Records supplied: Begin

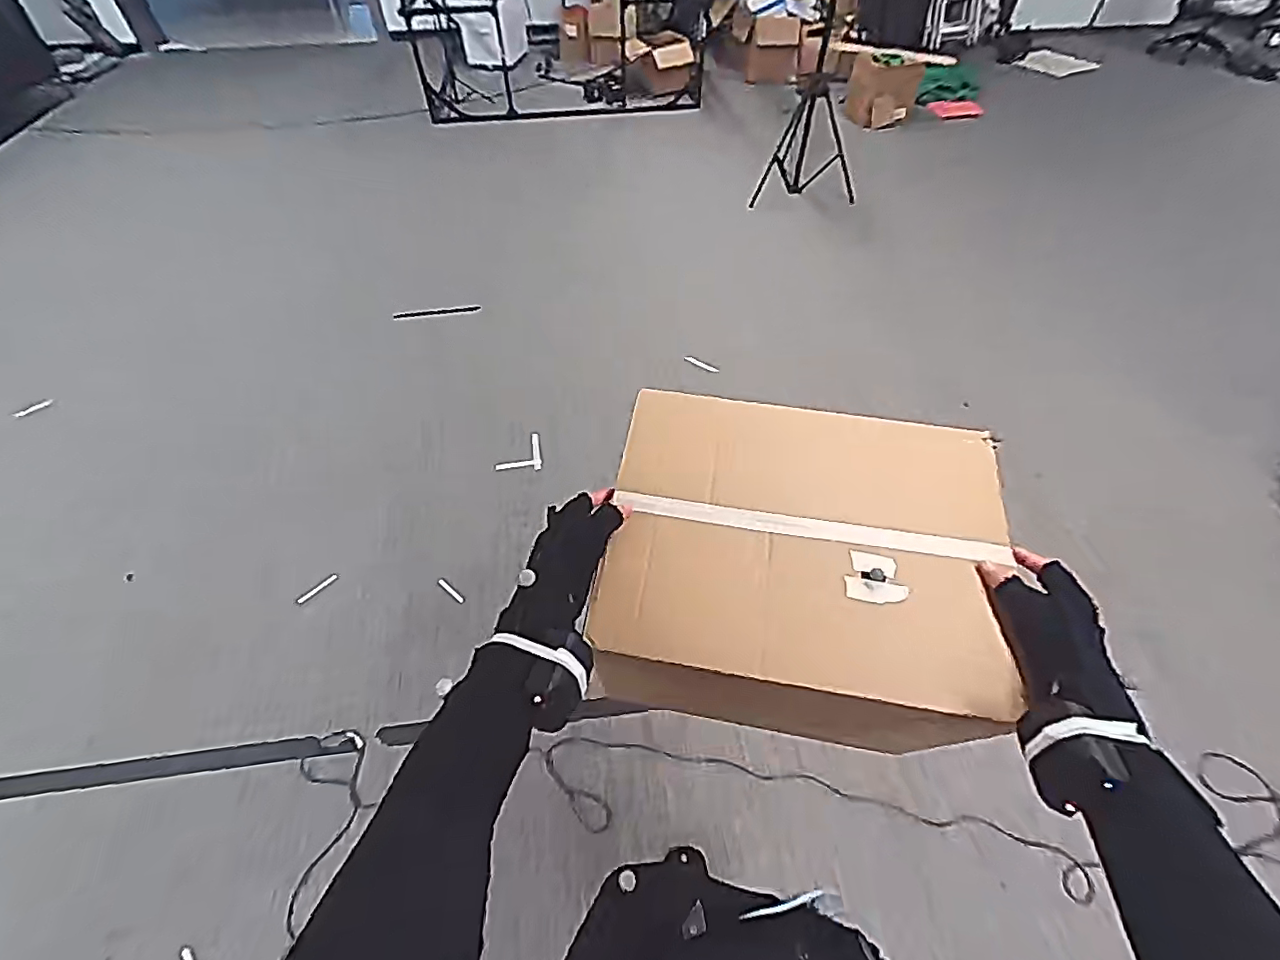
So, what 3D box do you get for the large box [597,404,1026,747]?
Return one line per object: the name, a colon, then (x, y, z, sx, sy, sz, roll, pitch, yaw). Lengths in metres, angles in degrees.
large box: (0.178, 0.135, 0.703, 0.408, 0.320, 0.320, 9, 61, 6)
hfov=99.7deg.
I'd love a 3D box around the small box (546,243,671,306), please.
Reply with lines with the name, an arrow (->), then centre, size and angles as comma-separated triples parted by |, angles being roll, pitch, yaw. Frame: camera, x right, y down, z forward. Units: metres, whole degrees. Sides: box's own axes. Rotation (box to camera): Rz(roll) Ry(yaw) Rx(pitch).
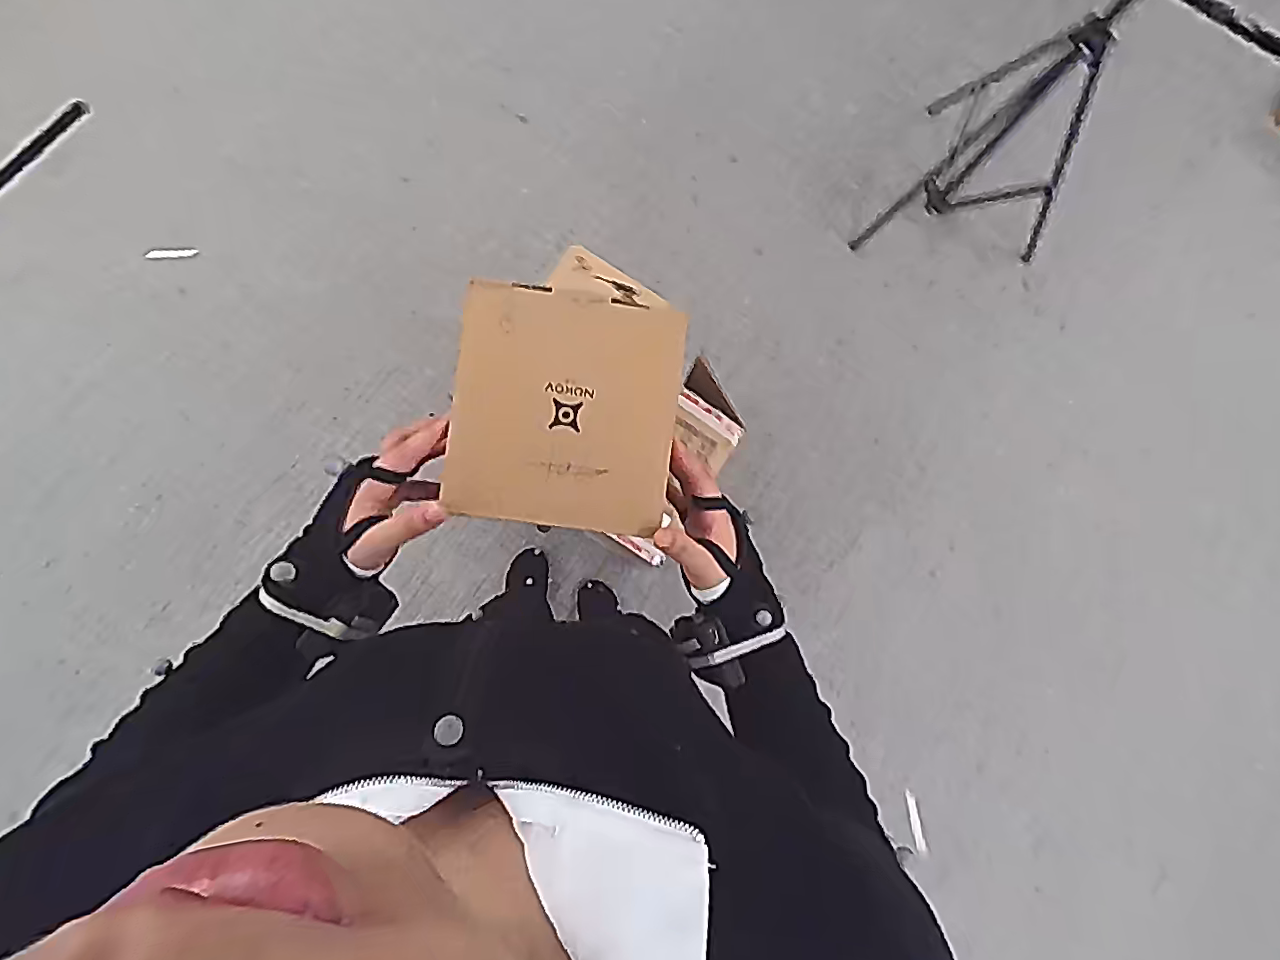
small box -> -0.069, -0.212, 0.831 | 0.168, 0.176, 0.179 | 34, 82, 3

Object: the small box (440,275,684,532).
small box -> -0.065, -0.056, 0.483 | 0.168, 0.176, 0.179 | 7, 90, -6
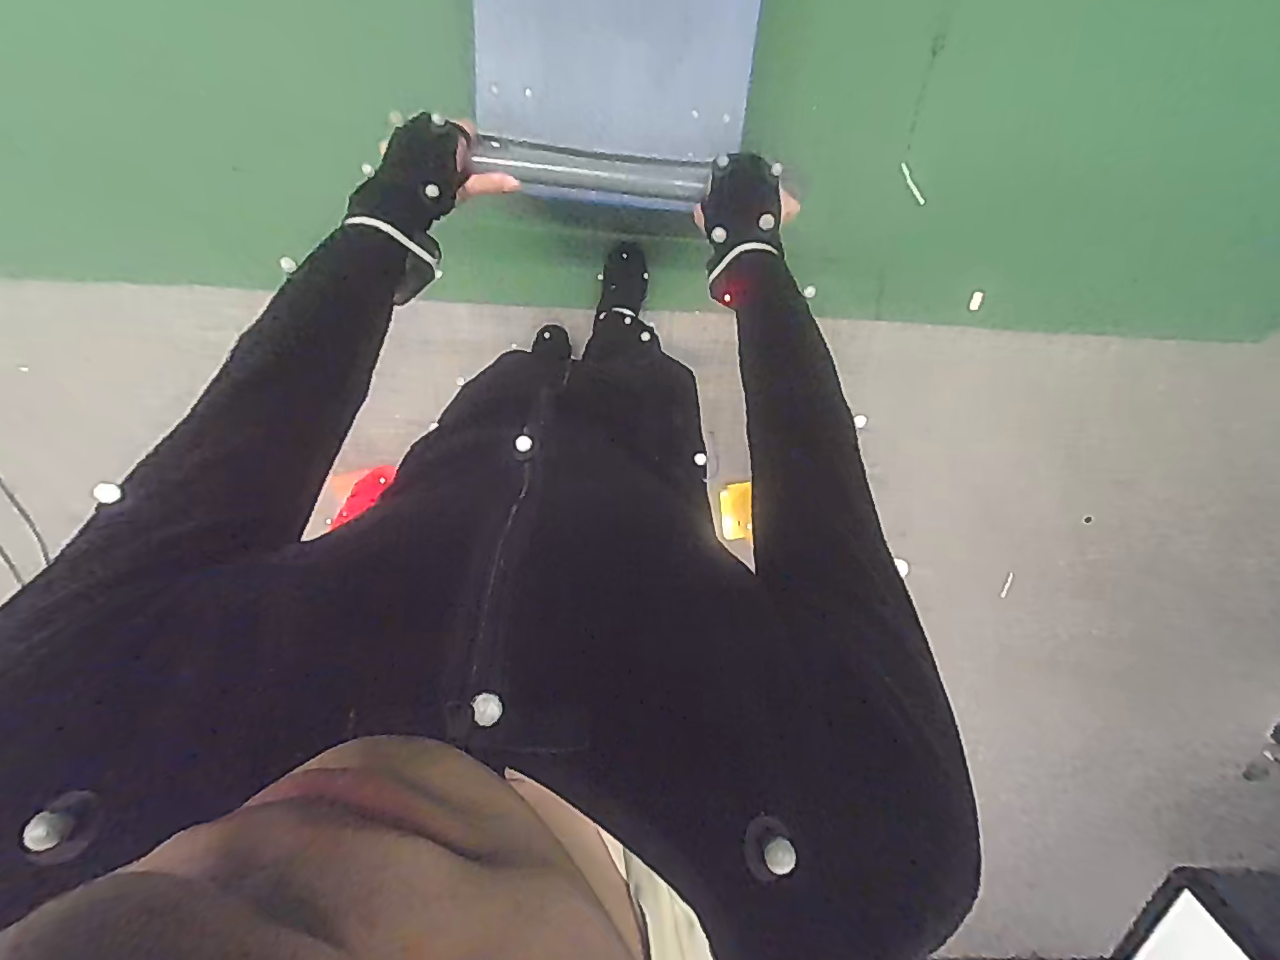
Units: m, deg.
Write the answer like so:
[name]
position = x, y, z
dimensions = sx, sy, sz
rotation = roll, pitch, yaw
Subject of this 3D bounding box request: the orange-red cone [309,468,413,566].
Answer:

Records supplied: End

| Exercise |
Leaving images out, please output every line of the data exactly.

| Solution to this problem |
So, what 3D box do you get for the large box [597,404,1026,747]?
Return one line per object: the name, a colon, then (x, y, z, sx, sy, sz, roll, pitch, yaw). Lengths in metres, angles in degrees.
large box: (0.178, 0.135, 0.703, 0.408, 0.320, 0.320, 9, 61, 6)
hfov=99.7deg.
I'd love a 3D box around the small box (546,243,671,306), please.
Reply with lines with the name, an arrow (->), then centre, size and angles as comma-separated triples parted by |, angles being roll, pitch, yaw. Frame: camera, x right, y down, z forward. Units: metres, whole degrees. Sides: box's own axes. Rotation (box to camera): Rz(roll) Ry(yaw) Rx(pitch).
small box -> -0.069, -0.212, 0.831 | 0.168, 0.176, 0.179 | 34, 82, 3

Object: the small box (440,275,684,532).
small box -> -0.065, -0.056, 0.483 | 0.168, 0.176, 0.179 | 7, 90, -6
Units: m, deg.
Write the answer like so:
[name]
position = x, y, z
dimensions = sx, sy, sz
rotation = roll, pitch, yaw
Subject of this 3D bounding box request: the orange-red cone [309,468,413,566].
Answer:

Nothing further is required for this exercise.